WHAT NEEDS TO BE DONE:
Pull every "Numbers" line out of the data below.

--- PROVIDED DATA ---

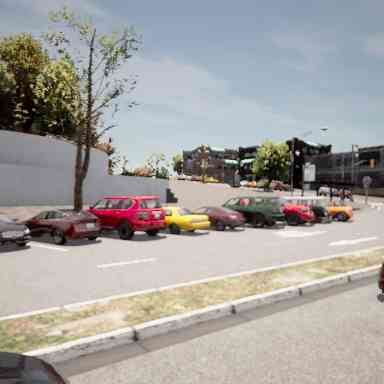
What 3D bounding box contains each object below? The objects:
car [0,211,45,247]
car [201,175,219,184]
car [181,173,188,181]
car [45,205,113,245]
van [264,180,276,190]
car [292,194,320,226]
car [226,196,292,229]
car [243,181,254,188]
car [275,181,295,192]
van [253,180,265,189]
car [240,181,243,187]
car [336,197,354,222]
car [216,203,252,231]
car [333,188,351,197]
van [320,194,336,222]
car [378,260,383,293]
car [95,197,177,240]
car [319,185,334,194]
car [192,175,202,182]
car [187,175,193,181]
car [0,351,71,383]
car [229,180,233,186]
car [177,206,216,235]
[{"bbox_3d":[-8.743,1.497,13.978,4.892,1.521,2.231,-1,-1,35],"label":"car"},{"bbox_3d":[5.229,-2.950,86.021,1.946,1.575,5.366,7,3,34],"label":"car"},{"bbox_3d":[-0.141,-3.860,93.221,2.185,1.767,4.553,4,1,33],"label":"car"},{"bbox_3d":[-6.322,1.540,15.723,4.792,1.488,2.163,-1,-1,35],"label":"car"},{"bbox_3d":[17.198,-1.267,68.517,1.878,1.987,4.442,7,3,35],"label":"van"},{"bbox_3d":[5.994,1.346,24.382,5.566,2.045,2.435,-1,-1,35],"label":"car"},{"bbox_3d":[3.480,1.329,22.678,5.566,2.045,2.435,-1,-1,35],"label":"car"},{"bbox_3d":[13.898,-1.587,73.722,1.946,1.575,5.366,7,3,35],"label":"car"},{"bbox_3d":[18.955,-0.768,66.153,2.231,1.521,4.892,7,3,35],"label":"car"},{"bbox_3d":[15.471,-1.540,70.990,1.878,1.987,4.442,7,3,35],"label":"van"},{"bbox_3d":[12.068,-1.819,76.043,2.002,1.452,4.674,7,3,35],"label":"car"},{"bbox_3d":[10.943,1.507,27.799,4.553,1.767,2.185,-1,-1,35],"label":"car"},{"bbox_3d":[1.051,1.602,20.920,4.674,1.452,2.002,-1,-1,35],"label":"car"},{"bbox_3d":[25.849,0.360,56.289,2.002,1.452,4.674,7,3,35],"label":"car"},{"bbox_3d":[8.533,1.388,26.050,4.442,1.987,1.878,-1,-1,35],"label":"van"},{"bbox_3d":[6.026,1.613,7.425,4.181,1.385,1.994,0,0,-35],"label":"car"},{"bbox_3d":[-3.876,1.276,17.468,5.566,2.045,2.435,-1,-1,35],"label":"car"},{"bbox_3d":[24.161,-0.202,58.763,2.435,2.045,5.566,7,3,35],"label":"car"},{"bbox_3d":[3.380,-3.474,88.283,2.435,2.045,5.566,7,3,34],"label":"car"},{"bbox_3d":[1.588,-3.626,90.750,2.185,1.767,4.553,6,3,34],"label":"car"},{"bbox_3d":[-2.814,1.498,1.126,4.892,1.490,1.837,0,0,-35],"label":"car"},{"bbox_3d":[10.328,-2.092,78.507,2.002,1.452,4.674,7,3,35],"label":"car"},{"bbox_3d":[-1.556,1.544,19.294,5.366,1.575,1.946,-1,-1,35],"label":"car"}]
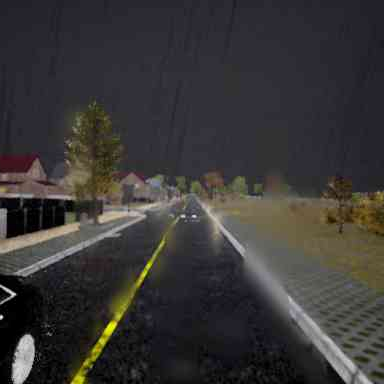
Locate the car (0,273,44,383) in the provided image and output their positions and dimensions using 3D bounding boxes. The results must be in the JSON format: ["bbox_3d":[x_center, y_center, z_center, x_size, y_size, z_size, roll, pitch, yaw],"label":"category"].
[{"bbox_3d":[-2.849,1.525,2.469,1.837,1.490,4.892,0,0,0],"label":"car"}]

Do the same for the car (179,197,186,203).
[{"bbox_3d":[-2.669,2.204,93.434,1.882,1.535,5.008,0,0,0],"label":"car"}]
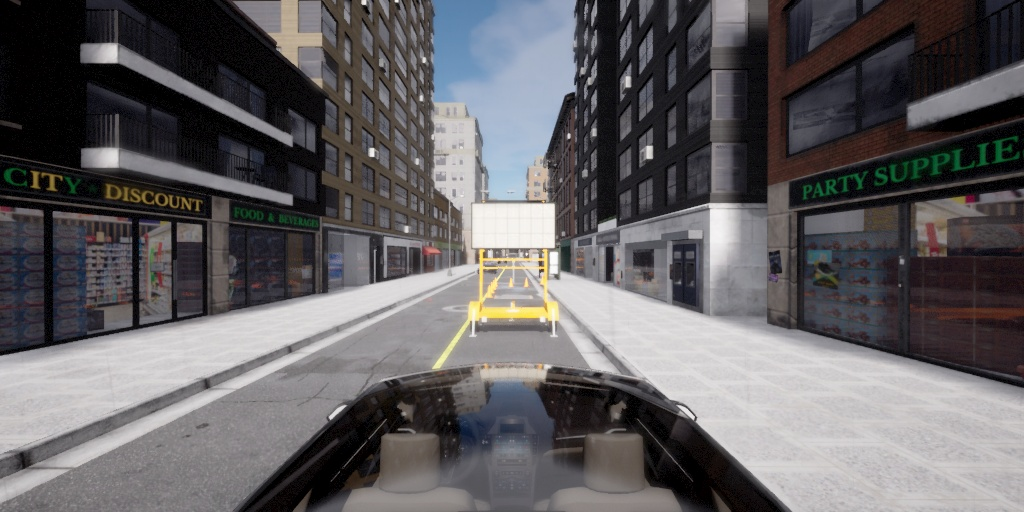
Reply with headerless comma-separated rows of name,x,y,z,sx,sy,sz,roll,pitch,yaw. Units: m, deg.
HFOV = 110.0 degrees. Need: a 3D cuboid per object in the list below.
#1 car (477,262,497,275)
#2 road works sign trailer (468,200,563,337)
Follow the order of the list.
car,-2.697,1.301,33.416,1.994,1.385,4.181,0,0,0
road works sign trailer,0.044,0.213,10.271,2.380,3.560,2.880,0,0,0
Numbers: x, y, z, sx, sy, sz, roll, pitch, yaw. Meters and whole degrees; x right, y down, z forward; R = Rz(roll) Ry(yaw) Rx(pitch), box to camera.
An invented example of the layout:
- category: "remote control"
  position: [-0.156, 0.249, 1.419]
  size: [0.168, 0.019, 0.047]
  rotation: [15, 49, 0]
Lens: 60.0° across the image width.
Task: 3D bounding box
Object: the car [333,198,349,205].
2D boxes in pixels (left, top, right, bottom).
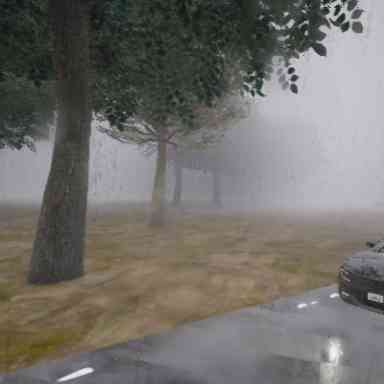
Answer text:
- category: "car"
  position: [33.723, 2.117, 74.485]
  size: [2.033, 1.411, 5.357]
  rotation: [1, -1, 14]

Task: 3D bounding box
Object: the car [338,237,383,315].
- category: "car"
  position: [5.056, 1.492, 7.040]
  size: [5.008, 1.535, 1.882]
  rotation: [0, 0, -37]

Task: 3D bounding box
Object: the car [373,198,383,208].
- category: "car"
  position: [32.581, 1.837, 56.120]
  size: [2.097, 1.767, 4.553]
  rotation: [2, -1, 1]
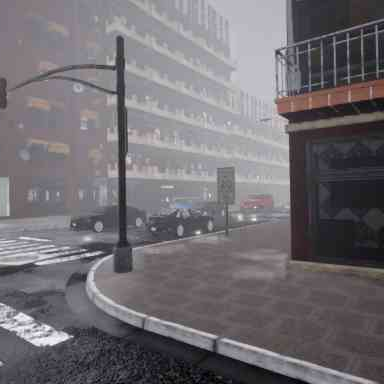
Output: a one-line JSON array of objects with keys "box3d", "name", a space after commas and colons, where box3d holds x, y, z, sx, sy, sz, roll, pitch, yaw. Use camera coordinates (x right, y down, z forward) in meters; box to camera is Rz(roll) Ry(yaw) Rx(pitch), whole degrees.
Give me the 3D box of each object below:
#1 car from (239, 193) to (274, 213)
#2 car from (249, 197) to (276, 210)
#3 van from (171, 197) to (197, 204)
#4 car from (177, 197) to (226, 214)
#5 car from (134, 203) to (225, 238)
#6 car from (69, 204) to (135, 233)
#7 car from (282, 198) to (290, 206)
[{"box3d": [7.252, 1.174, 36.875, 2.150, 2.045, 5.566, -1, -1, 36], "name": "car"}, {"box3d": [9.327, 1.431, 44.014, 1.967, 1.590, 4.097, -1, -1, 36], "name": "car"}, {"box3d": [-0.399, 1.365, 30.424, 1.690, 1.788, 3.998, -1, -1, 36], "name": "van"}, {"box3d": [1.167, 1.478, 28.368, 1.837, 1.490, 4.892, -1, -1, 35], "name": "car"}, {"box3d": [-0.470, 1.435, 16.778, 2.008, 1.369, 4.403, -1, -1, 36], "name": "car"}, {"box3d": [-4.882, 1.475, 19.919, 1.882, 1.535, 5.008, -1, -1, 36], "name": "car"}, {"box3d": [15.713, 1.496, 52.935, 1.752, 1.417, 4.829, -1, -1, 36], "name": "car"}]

---
--- PROVIDED DATA ---

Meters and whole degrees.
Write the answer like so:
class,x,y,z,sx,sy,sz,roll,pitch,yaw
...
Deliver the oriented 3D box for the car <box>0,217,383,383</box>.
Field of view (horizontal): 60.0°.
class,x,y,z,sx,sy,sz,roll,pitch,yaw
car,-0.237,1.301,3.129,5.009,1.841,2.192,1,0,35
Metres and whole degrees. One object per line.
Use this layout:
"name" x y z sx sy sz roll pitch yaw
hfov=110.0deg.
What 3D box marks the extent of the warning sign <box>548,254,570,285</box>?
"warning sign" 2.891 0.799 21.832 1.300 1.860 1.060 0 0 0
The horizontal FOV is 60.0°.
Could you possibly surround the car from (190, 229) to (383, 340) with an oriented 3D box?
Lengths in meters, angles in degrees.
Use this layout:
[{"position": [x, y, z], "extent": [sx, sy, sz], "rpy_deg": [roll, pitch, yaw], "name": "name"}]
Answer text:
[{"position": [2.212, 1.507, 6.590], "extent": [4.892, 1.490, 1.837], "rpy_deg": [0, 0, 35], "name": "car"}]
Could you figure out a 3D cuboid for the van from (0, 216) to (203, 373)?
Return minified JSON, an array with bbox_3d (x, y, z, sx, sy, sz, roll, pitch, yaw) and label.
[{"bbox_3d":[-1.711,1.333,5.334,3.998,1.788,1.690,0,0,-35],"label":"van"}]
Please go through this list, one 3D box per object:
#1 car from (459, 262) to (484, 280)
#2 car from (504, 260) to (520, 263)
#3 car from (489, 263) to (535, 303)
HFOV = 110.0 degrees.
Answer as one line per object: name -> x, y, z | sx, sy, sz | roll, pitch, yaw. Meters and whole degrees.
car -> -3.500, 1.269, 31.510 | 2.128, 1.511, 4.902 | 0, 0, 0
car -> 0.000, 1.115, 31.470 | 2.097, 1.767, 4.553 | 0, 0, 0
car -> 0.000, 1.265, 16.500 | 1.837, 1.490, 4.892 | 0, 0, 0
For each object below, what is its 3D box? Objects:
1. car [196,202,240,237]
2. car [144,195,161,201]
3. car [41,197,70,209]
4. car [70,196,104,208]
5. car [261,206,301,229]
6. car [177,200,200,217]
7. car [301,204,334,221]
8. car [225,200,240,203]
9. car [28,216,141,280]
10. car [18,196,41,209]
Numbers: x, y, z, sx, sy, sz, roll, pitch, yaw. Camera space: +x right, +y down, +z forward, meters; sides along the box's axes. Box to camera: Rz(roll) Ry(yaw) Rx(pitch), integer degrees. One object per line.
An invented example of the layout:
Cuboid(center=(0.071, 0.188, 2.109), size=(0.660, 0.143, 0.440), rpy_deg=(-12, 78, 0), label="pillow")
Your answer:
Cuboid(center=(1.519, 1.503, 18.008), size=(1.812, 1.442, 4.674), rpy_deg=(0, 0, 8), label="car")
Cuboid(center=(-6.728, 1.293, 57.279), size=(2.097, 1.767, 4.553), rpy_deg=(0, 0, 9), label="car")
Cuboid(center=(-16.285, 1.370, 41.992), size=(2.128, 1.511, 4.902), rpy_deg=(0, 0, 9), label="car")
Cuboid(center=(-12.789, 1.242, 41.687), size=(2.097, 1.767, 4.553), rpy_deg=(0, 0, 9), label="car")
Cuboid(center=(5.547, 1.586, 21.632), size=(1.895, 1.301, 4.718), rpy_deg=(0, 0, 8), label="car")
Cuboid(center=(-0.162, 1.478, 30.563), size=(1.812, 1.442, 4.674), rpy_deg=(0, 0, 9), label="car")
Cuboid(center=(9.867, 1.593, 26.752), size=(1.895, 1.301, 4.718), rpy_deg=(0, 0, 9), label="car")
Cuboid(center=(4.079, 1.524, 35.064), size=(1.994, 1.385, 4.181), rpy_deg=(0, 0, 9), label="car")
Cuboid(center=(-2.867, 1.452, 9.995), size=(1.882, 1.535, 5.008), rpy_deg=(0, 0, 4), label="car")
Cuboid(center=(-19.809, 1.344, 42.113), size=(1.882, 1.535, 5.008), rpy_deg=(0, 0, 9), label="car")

---
--- PROVIDED DATA ---

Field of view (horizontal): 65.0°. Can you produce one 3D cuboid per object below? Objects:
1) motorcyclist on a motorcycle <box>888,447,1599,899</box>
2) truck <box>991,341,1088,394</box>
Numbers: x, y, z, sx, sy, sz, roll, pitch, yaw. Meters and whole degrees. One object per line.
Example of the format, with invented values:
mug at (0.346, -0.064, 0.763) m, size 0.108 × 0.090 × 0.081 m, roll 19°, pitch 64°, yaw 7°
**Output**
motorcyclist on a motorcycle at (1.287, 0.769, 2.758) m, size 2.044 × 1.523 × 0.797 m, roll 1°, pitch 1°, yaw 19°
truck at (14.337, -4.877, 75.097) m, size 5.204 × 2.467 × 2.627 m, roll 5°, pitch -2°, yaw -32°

---

TASK ANSWER:
Numbers: x, y, z, sx, sy, sz, roll, pitch, yaw. Meters and whole degrees; x right, y down, z forward; R = Rz(roll) Ry(yaw) Rx(pitch), box to camera.
Numbers: x, y, z, sx, sy, sz, roll, pitch, yaw. Camera space: +x right, +y down, +z forward, meters; sides along the box's axes. Box to camera: Rz(roll) Ry(yaw) Rx(pitch), integer degrees. One object per line.
Numbers: x, y, z, sx, sy, sz, roll, pitch, yaw. Meters and whole degrees. One object per line.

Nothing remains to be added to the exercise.